Your instructions ▸
The records that follow are to be repeated in full, with no pictures retained.

Items listed in a dataset:

------------------------------

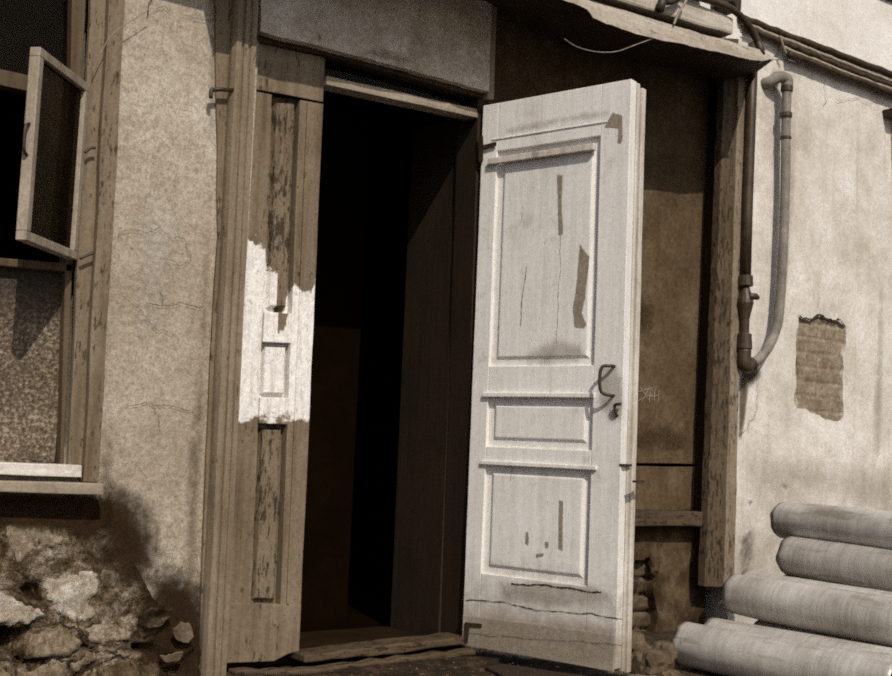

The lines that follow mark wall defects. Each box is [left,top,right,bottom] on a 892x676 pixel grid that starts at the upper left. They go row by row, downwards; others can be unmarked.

flaking render [795,314,844,421]
flaking render [0,523,200,676]
leakage [0,490,202,676]
flaking render [632,558,659,632]
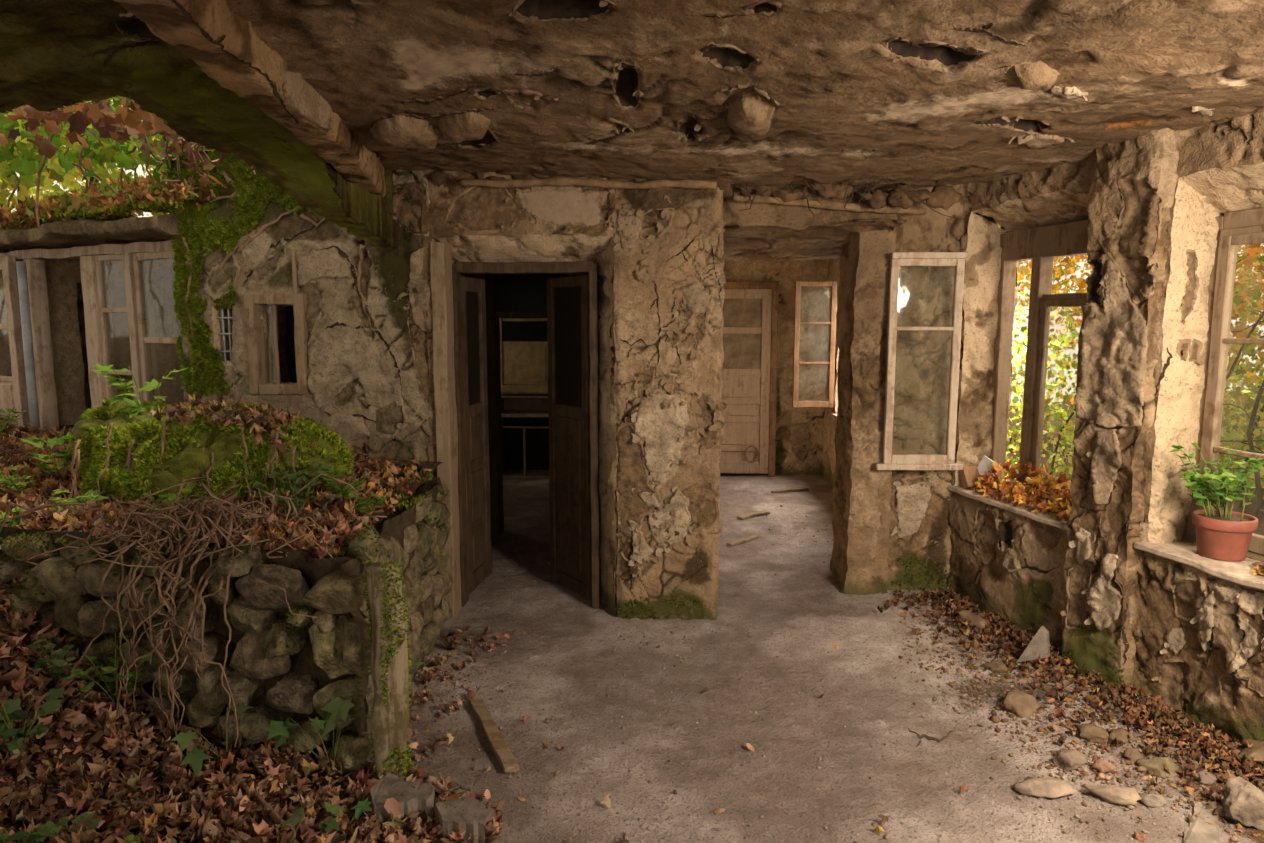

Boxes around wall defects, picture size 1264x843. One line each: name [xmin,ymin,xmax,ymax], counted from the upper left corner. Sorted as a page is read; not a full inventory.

spalling [508,0,616,22]
spalling [607,60,644,137]
spalling [675,115,704,143]
spalling [694,42,780,109]
spalling [881,36,988,68]
flaking render [971,115,1075,150]
crack [243,219,403,386]
crack [620,231,722,375]
spalling [674,288,709,360]
crack [1154,347,1173,396]
crack [323,410,376,423]
flaking render [614,363,726,578]
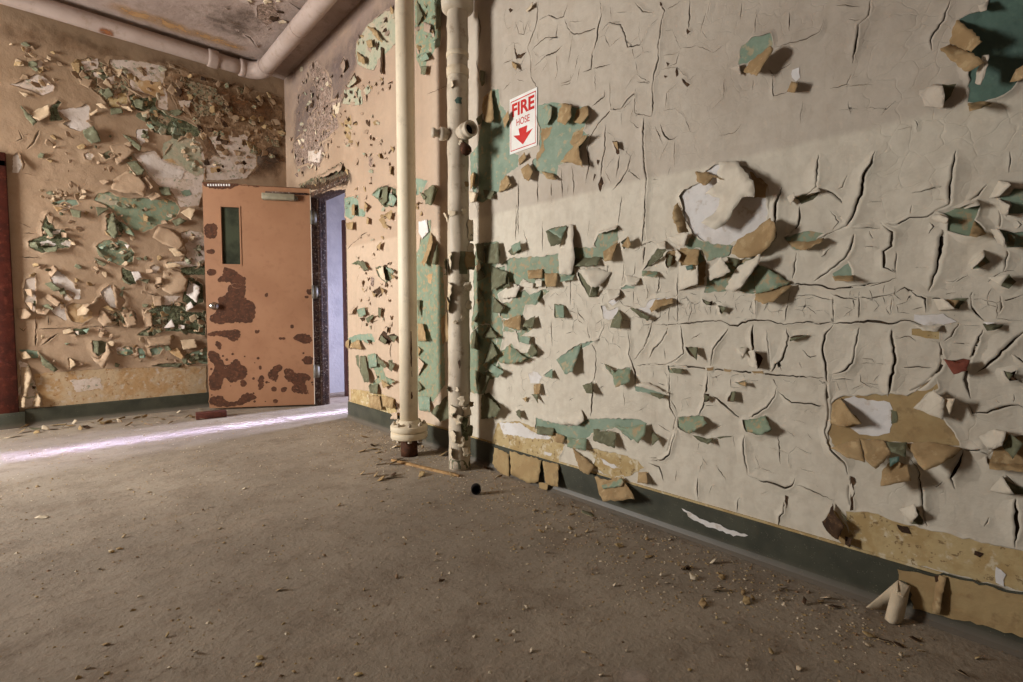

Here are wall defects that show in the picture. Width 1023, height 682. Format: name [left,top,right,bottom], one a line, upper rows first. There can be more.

peeling [241,0,287,31]
peeling [414,0,444,77]
peeling [919,0,1023,111]
peeling [3,5,399,420]
rust [204,223,218,254]
rust [207,267,313,407]
peeling [416,64,829,501]
crack [476,0,1023,548]
peeling [824,352,1023,501]
peeling [818,500,1023,639]

------------------------------

Solution to this task ▸
The lines that follow mark wall defects. Each box is [left,top,right,bottom] on a 892x676 pixel grid that starts at the upper left. They go row by row, downwards; others can be unmarked.

flaking render [795,314,844,421]
flaking render [0,523,200,676]
leakage [0,490,202,676]
flaking render [632,558,659,632]

Boxes around wall defects, picture size 1264x843. One line each: name [xmin,ymin,xmax,ymax], counted from the upper left corner. Sorted as a page is read; not a full inventory.

spalling [508,0,616,22]
spalling [607,60,644,137]
spalling [675,115,704,143]
spalling [694,42,780,109]
spalling [881,36,988,68]
flaking render [971,115,1075,150]
crack [243,219,403,386]
crack [620,231,722,375]
spalling [674,288,709,360]
crack [1154,347,1173,396]
crack [323,410,376,423]
flaking render [614,363,726,578]

Here are wall defects that show in the picture. Width 1023, height 682. Format: name [left,top,right,bottom], one a line, upper rows first. There can be more.

peeling [241,0,287,31]
peeling [414,0,444,77]
peeling [919,0,1023,111]
peeling [3,5,399,420]
rust [204,223,218,254]
rust [207,267,313,407]
peeling [416,64,829,501]
crack [476,0,1023,548]
peeling [824,352,1023,501]
peeling [818,500,1023,639]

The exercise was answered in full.